It's one of the weird things my bf and I have in common. He worries about inanimate objects being lonely or feeling unloved. There was a cake in his fridge that nobody was eating, so he ate it all so that the cake would know it was tasty.


----------



## nothing to fear

aww. i remember feeling so sad for my bear when i stopped keeping it out on my bed, and would keep it under and eventually in my closet. i felt like i was rejecting a very close friend who had no one else to turn to, i would even have to cover his face a little so that i didn't have to see it and feel sad every time i'd open my closet : (


----------



## AussiePea

when I was younger, I had a massive whinge when my parents replaced my old desk with a new one.

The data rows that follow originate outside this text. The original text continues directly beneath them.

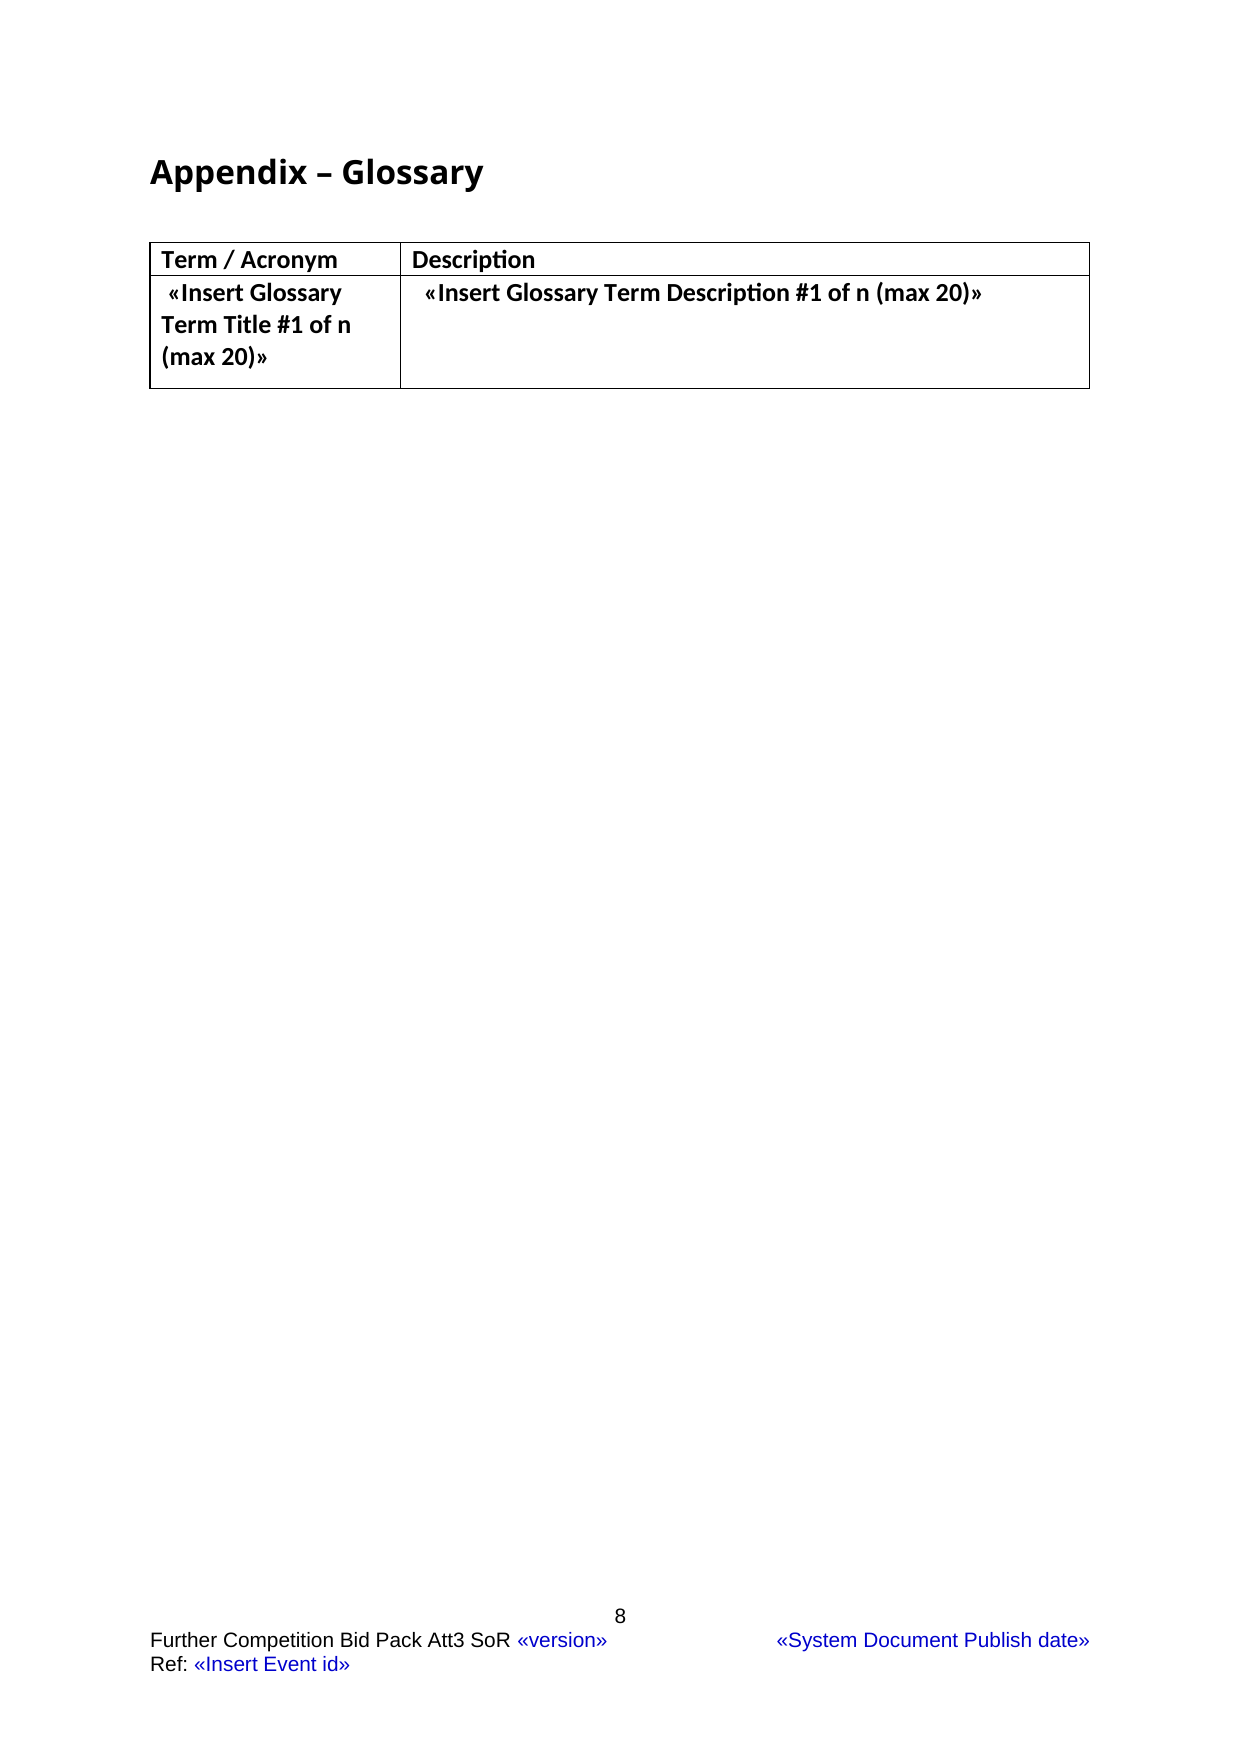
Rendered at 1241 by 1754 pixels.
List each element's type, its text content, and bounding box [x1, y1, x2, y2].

table_cell «Insert Glossary Term Description #1 of n (max 20)» [401, 276, 1089, 388]
table_cell «Insert Glossary Term Title #1 of n (max 20)» [151, 276, 400, 388]
table_header Description [401, 243, 1089, 275]
table_header Term / Acronym [151, 243, 400, 275]
subtitle Appendix – Glossary [150, 148, 1090, 194]

I felt sad for the desk because it would be going to the dump and getting torn up.

oh dear.


----------



## Squizzy

We learned in our developmental class that this is something that very young children experience. I still feel this way though, pretty strongly, too. For example, I adore my stuffed bears. My boyfriend gets them for me after we have a big fight because he knows they instantly cheer me up, and he gets me huge ones for Valentine's Day. He used to throw them on the floor or lay on them like pillows and I would get very upset. Also, one time he won me a stuffed bear at a carnival game and when we got back home, I left the bear in the car and I had to go back because it was cold and I felt bad leaving that poor bear alone.

Another time, very early in our relationship I had given him a tiny panda bear as a gift because his nickname is Panda. Years later I remembered it and asked him about it. The previous night, he had been cleaning his room and tossed it in the garbage. I was very upset and because I was so sad, he went out and dug through the dumpster at 3 AM to save that little bear. We still have it to this day 



> YES, totally. I always have. Brave Little Toaster is probably the saddest movie I've ever seen. And I cried more during Wall-E than I would have if Wall-E had been a human. I have a stuffed animal that I've had for years, and it makes me so sad to see him all worn out.


I cry every time I see Brave Little Toaster  And I still have my stuffed Minne Mouse my parents got me when I was a baby, she is threadbare too and it makes me upset


----------



## quiet0lady

As a young kid I did. I distinctly remember feeling bad for the stuffed animals that I didn't give attention to... or eating grapes and as I took one off the bunch, feeling bad for taking it away from it's "friends" haha oh goodness, all the unnecessary shame and guilt I went through as a kid.


----------



## nothing to fear

Squizzy said:


> Also, one time he won me a stuffed bear at a carnival game and when we got back home, I left the bear in the car and I had to go back because it was cold and I felt bad leaving that poor bear alone.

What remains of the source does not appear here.